UPDATE: I should be clear. I know what Professor Frank would say in response. In the article he says that taxes have to come from somewhere, so they might as well come from Black Friday sort of things. And I am sure he is able to articulate something like this – I truly would be better off if the entire internet were banned on Saturdays. On the tax point – I am sure Professor Frank is a mature adult – sort of like he claims only some opponents of this idea are — and will recognize that we rarely get rid of bad taxes in favor of better ones – we just pile on the bad ones on top of one another. Maybe if the world were populated with more “mature adults” then we’d need neither the 6-6-6 plan nor need to replace bad taxes with good ones. What was that we hear about reality?

UPDATE #2: By the way, don’t some bars stay open every night until 4am … in an arms racy sort of way?

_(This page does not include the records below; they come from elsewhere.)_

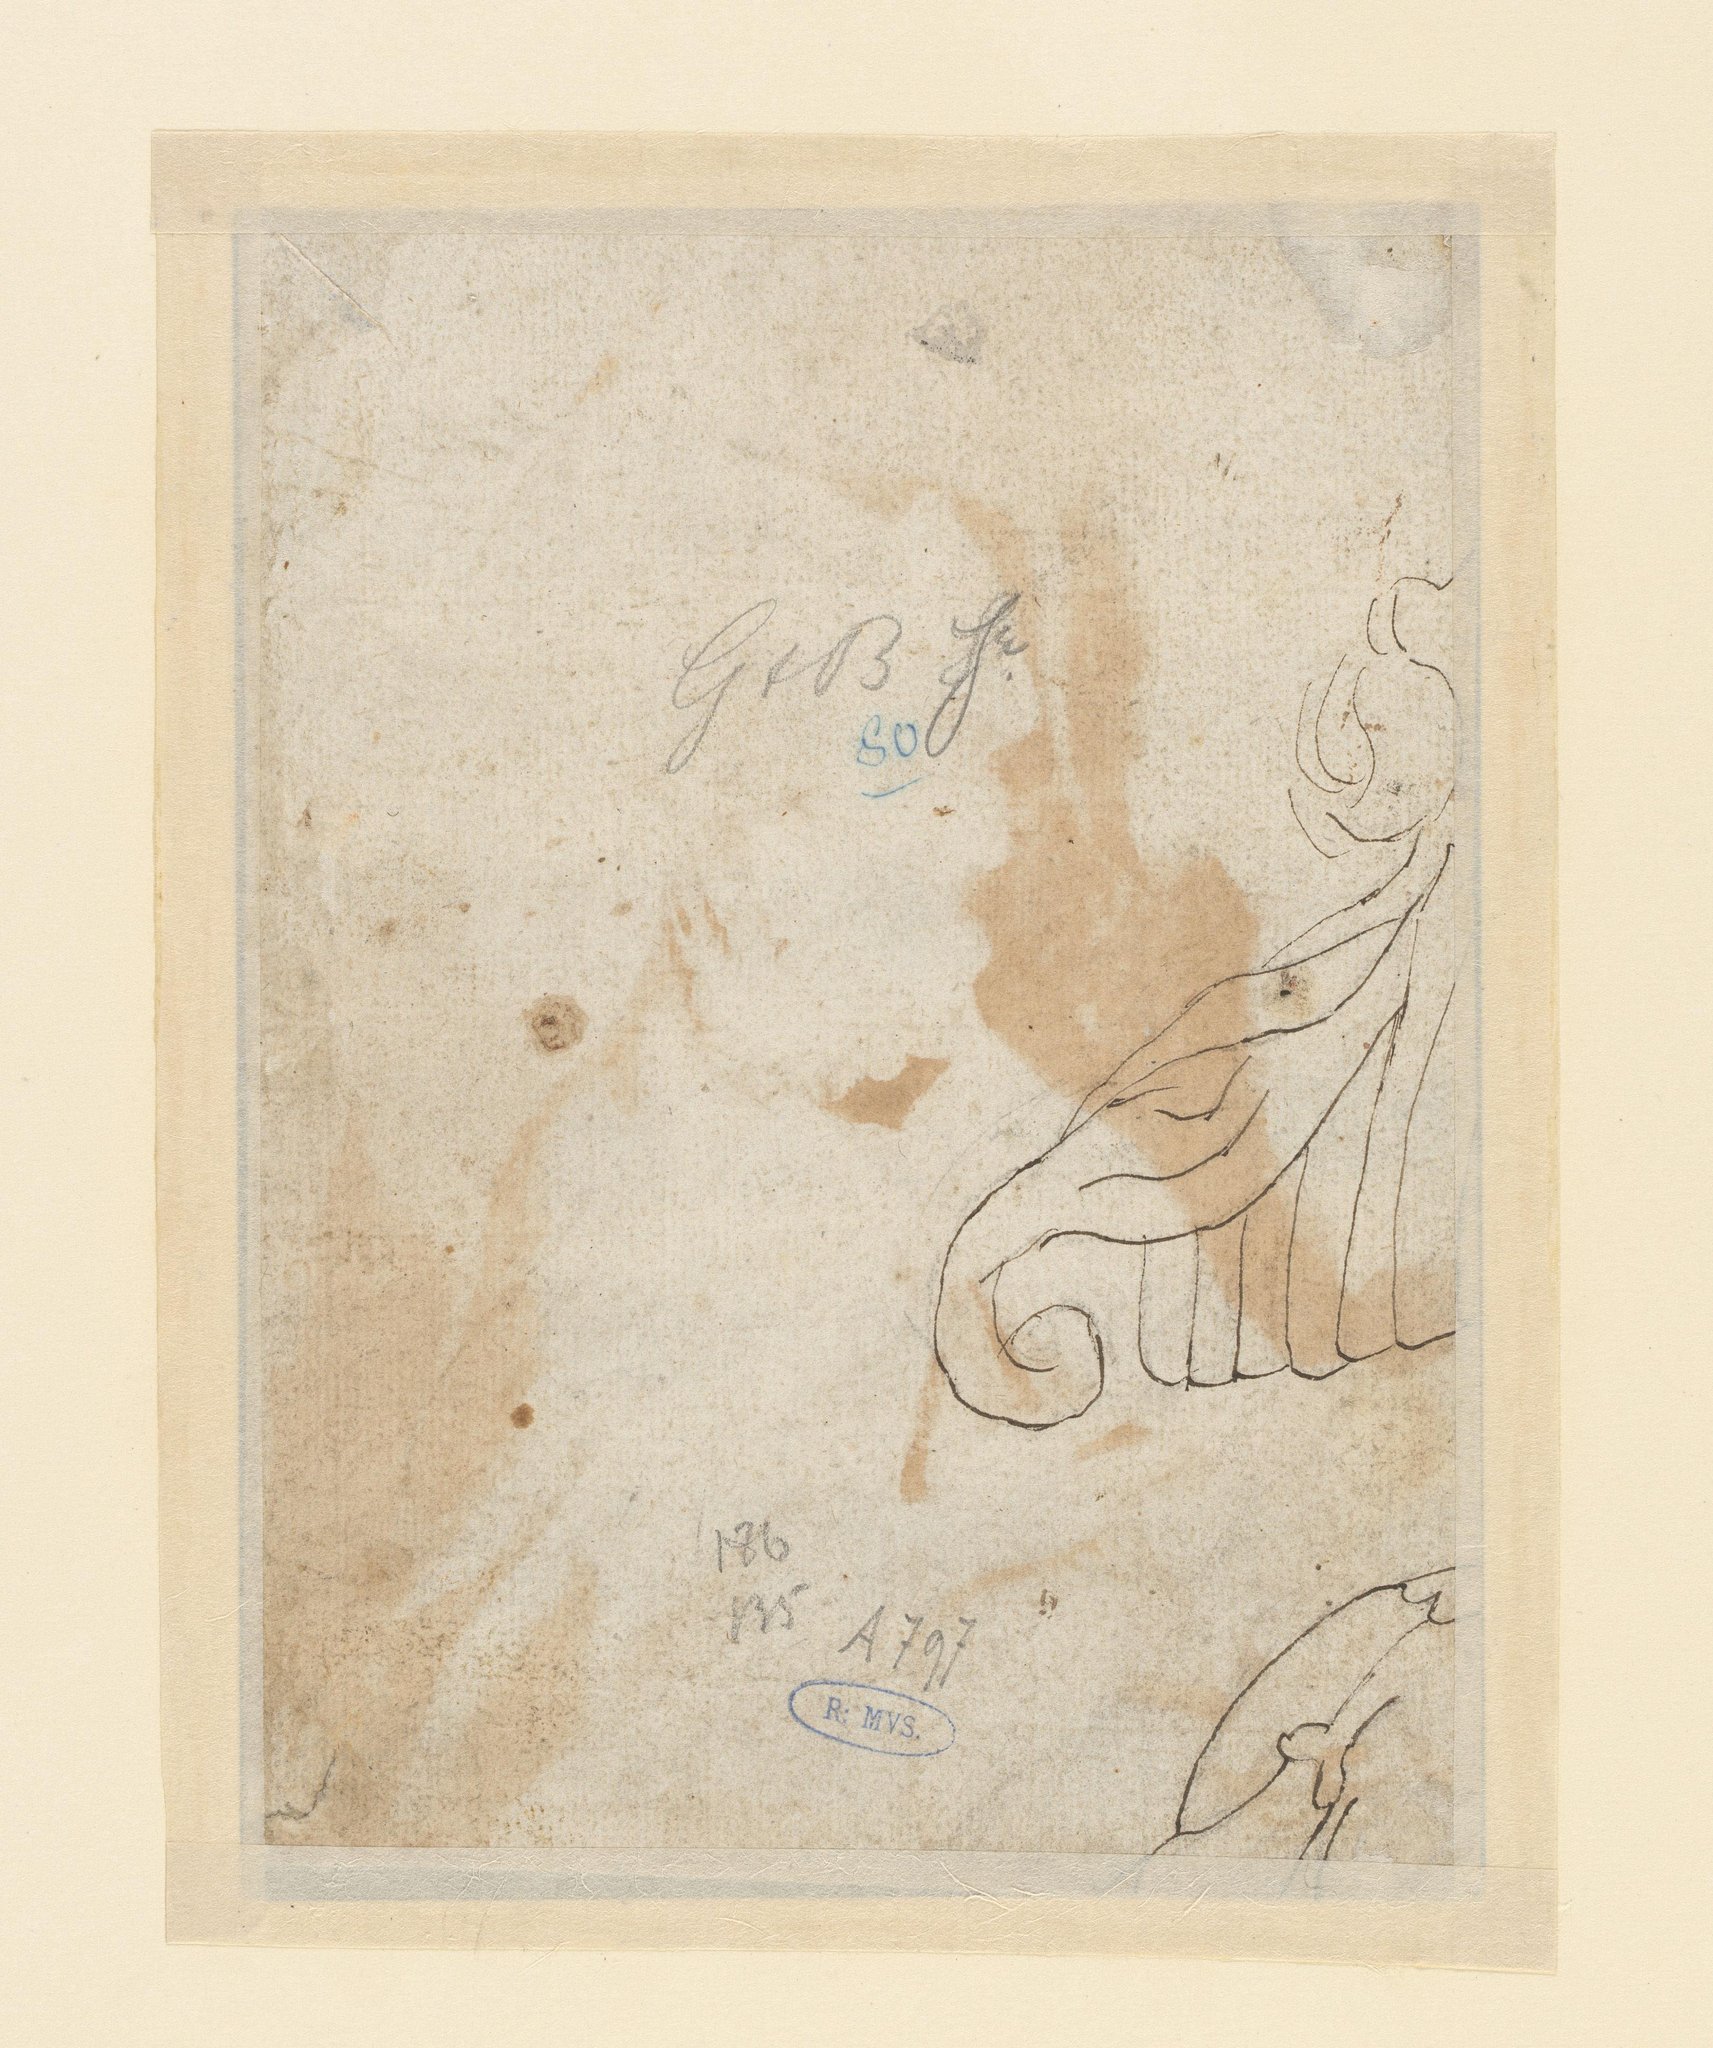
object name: drawing
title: Fragment van een rechts afgesneden tekening
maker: gerard ter borch (i)
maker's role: draughtsman, print maker
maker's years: 1584-1662
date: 1616-1624
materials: chalk, ink, paper
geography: zwolle
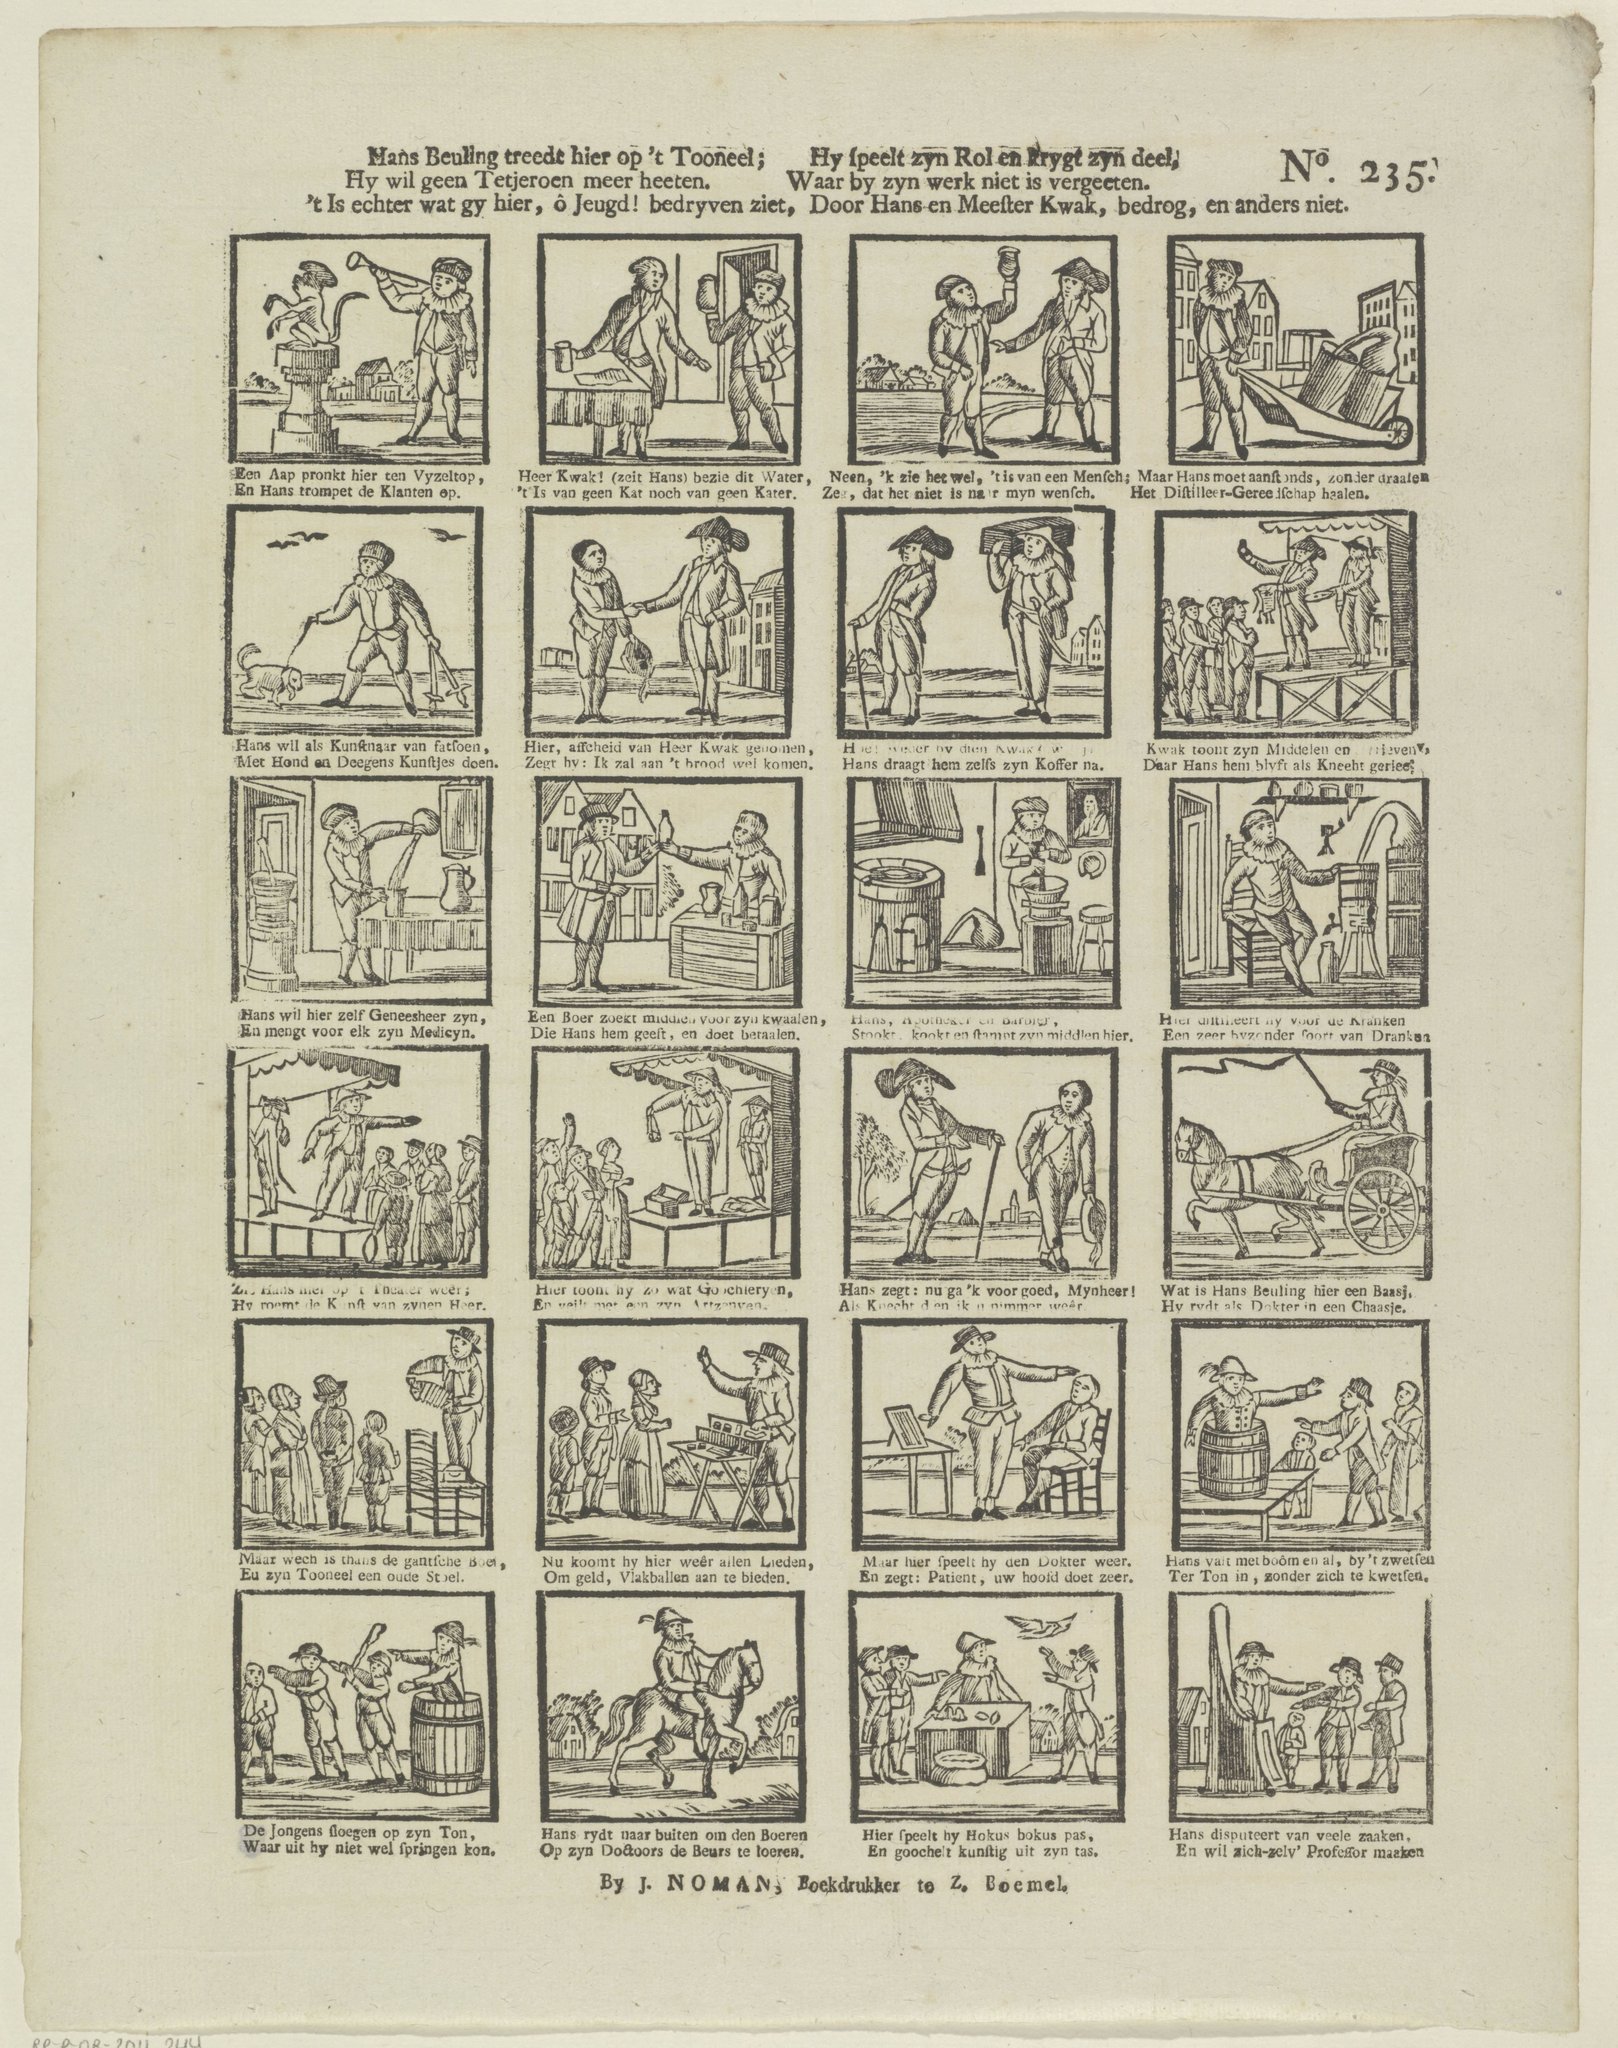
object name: print
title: Hans Beuling treedt hier op 't toneel; / Hy wil geen Tetjeroen meer heeten [(...)]
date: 1806-1830
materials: paper
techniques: letterpress printing
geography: netherlands
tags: quack, charlatan, mountebank, 'saltimbanco', passenger carriage
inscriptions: collector's mark: Lugt 2760
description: Blad met 24 voorstellingen over het leven van de kwakzalver en grappenmaker Hans Beuling. Onder elke afbeelding een tweeregelig vers. Genummerd rechtsboven: No. 235.
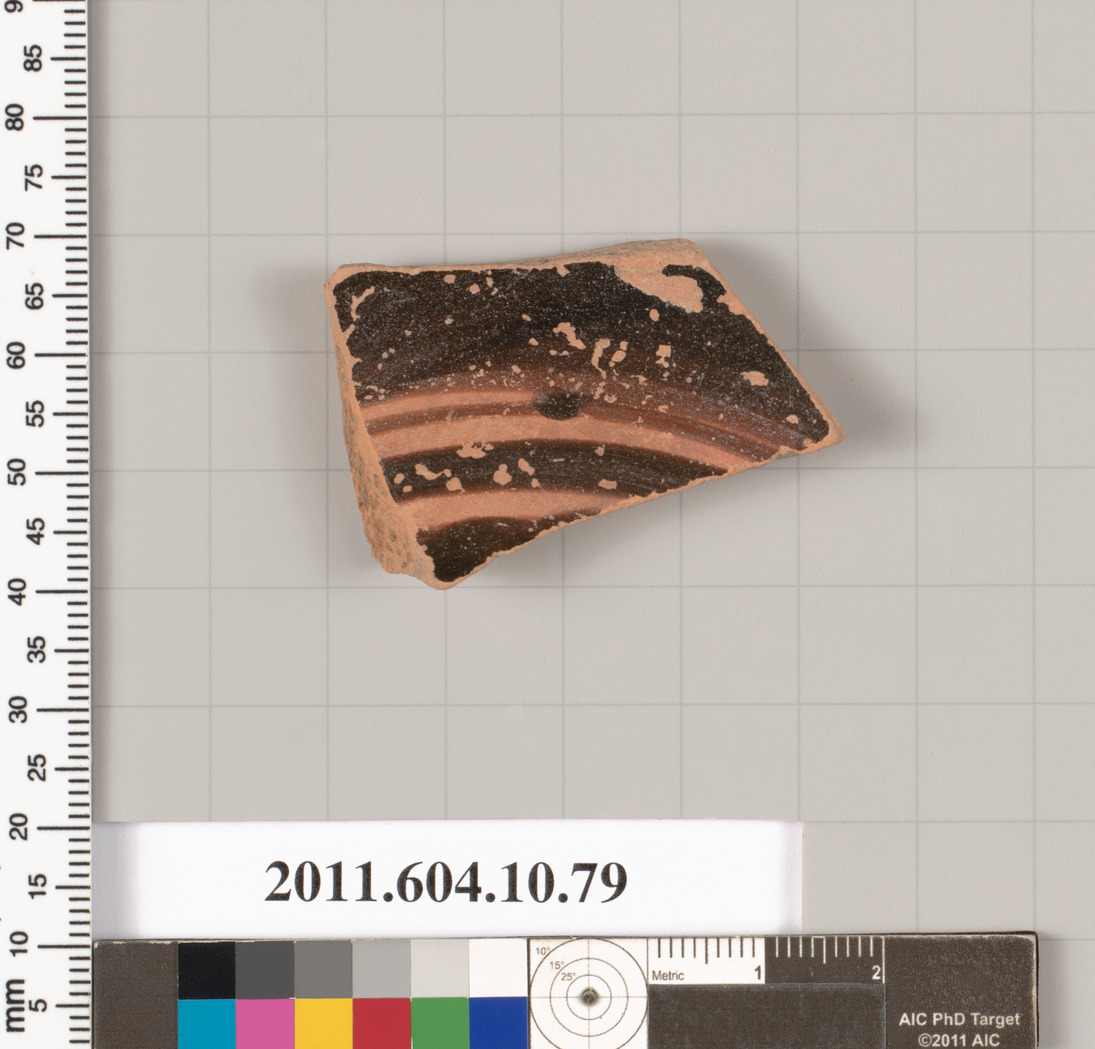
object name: fragment of a bowl
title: Terracotta fragment of a bowl
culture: etruscan
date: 400-301 BCE
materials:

4 Responses to “666 Plan Alright”

  1. “Best of all, it would encourage Americans to spend Thanksgiving night where they really want to — in bed.”

    It is presumptuous on a level which I find baffling that Frank thinks he knows where I (an American) would want to be on one particular night of the year.

    I am thinking of a number between 1 and 1000000, Dr. Frank, take your best shot.

  2. chuck martel says:

    “… a major concern is that lots of spending by the rich is wasteful and that very steep consumption taxes would improve welfare since those taxes could be funneled toward the non-rich.”
    **********************
    Who decides what’s “wasteful”? Guess it must be professor Frank. And when you say “non-rich”, do you mean “poor”? This afternoon I paid cash for some onions and green peppers at the market. Cash I earned employed on a construction site. The two chubby ladies ahead of me paid for their purchases with a government-issued plastic card. They got their sustenance for simply being resident in the US. Why should I care if they’re poor? Neither of them has knocked on my door offering to mop the floors or wash my clothes. Being poor is God’s way of telling you that you’re lazy and/or stupid. If you’re poor maybe that’s the situation that you deserve, at least until you’re willing to do something about it.

  3. Harry says:

    Tax ’em for the mice/ tax’em for the lice/ tax ’em for looking in the mirror twice– the words of the Master of the House.

    An extra six percent on the Black Friday earlybirds? How clever.

    In Pennsylvania underwear is not subject to sales tax, but swimsuits are. Sliced liverwurst, rye bread, and onions are not taxed, but a liverwurst sandwich prepared at the deli is. If the Federal government eliminates its complexities, for example, rules on the valuation of underwear and swimsuits donated to Good Will, and we replace the income tax with a value-added tax, how many pages of the Internal Revenue Sales Tax Code be? Less than the current tax code? Will underwear be taxed? Will American-sewn boxers be exempt? How about silk underwear, or lined underwear? Think of a ten-volume definition of underwear, and another ten volumes on swimsuits.

    By the way, I believe tuxedos are taxed in PA, but lined trousers are not.

  4. Rod says:

    So what is a tuxedo? What defines ‘tuxedoness”? All of a sudden, I am getting the sleepies here, recalling the stimulus or lack thereof of reading Wittgenstein for Dr. Brown. Maybe there is a real job for phenomenologists after all — at the Pennsylvania Department of Revenue!